Rockets Vs Knicks: Towns’ Challenge Sparks 18-Point Comeback at Madison Square Garden

Rockets Vs Knicks: Towns’ Challenge Sparks 18-Point Comeback at Madison Square Garden

The Knicks erased an 18-point deficit to beat the Rockets 108-106 at Madison Square Garden, overturning a game that had left the arena booing earlier. The comeback in the fourth quarter, driven by a defensive reset and late scoring from Jalen Brunson and Karl-Anthony Towns, turned a likely loss into the Knicks’ largest comeback of the season in a single game of rockets vs knicks play.

Karl-Anthony Towns’ fourth-quarter push

Karl-Anthony Towns insisted the turnaround started with defense. He forced Alperen Sengun into a bad shot to open the period and scored seven points in the fourth to set the tone for the rally. One account lists Towns with a team-high 27 points; another lists him with a game-high 25 points—unclear in the provided context. Coach Mike Brown said Towns challenged the team in the huddle after the third quarter, and that challenge preceded the Knicks’ 33-15 advantage in the final period.

Jalen Brunson’s sequence of late plays

Jalen Brunson’s turnaround began when he drilled a jumper to pull New York within four with 4: 40 remaining. Over the final minutes he drew a charge on Amen Thompson, hit another jumper to cut the deficit to two, and with 1: 14 left tied the game at 103-103 with a layup. Brunson then took a charge on Kevin Durant and, after crossing up Tari Eason, hit a 15-footer to give the Knicks a two-point lead with 21. 2 seconds left. Brunson finished with 20 points and seven assists, having missed his first five field-goal attempts and not making a field goal until 4: 21 left in the third; he was 4-for-4 from the field in the fourth and scored eight points in that quarter.

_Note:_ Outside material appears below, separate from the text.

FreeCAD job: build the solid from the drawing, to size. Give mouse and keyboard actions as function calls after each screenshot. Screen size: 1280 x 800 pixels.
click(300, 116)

Jose Alvarado and bench impact in the fourth

Trade-deadline addition Jose Alvarado provided a spark: he recorded his second five-steal game as a Knick, with three of those steals coming in the final quarter, and added five points in the key stretch. Landry Shamet contributed 14 points off the bench and played important minutes down the stretch in place of Mikal Bridges, a move coach Brown has made repeatedly. OG Anunoby, who had scored 16 in the first half, managed just four points in the second half but sank both free throws with 5. 4 seconds left to ice the victory.

Rockets Vs Knicks fourth-quarter stat swing and defensive cause-effect

The fourth-quarter collapse hinged on turnovers and tightened defense. The Knicks forced nine Rockets turnovers in the final period while committing just one, and they outscored Houston 33-15 over those 12 minutes. Kevin Durant entered the fourth with 25 points but was held to 2-for-7 shooting and added just five points after the break, as the Rockets’ offense devolved into isolations and turnovers. The Knicks’ defensive stop on the first possession of the fourth and subsequent pressure directly led to the scoring burst that erased the 18-point deficit.

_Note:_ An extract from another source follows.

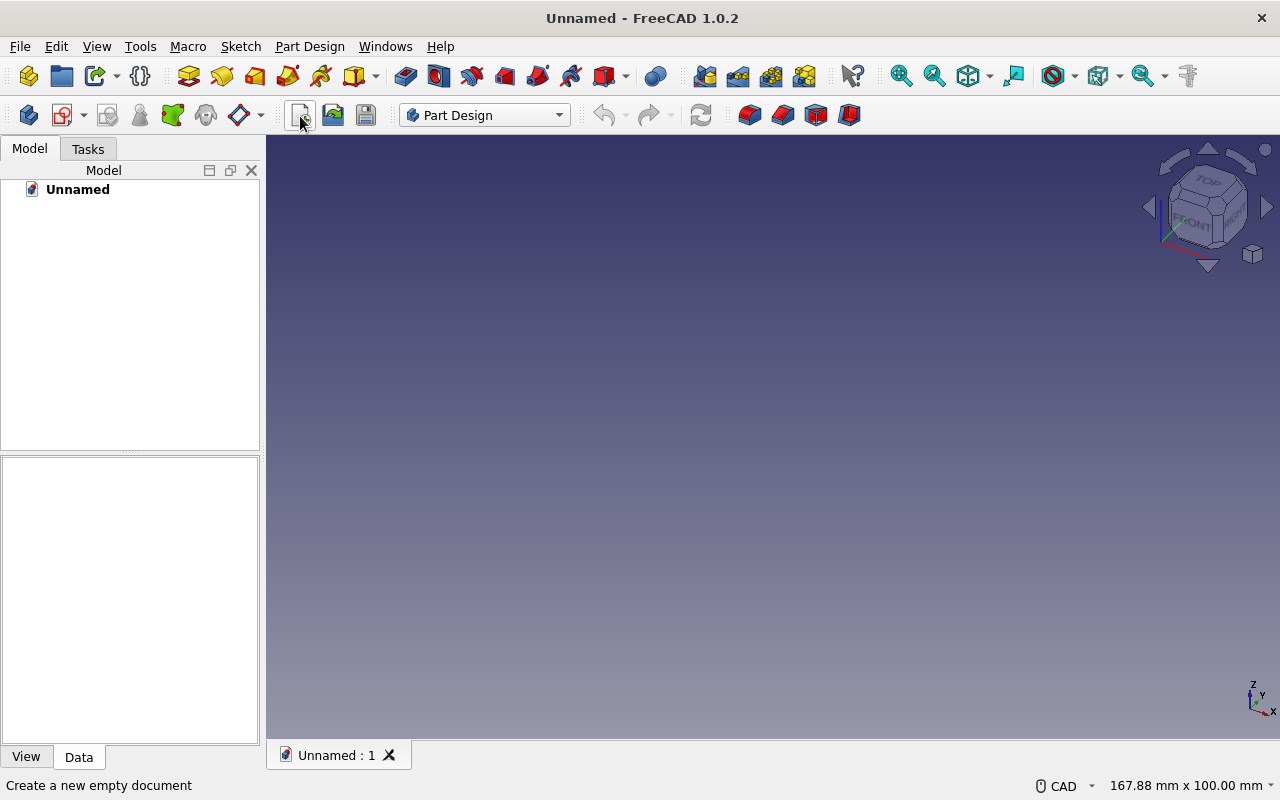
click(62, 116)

Coaches’ reactions and team context

Brown had explicitly set the pecking order before the game—Brunson first, then Towns, then everyone else—and said the offense had been simplified to fit Towns and the roster. Brown praised his players’ resilience, noting there were times they could have folded. Rockets coach Ime Udoka lamented a recurring pattern of losing big leads and singled out turnovers and a lack of discipline late as decisive factors. The Rockets sit 18th in clutch situations, defined as games within five points with five minutes or less, a status that left them vulnerable once New York applied late pressure.

What makes this notable is how quickly a single defensive adjustment translated into a 33-15 quarter, turning an 18-point deficit into a two-point win in the closing seconds. The sequence—Towns’ challenge, a flurry of Knicks steals, Brunson’s composed finishing and key bench contributions—produced the measurable swing that decided the game.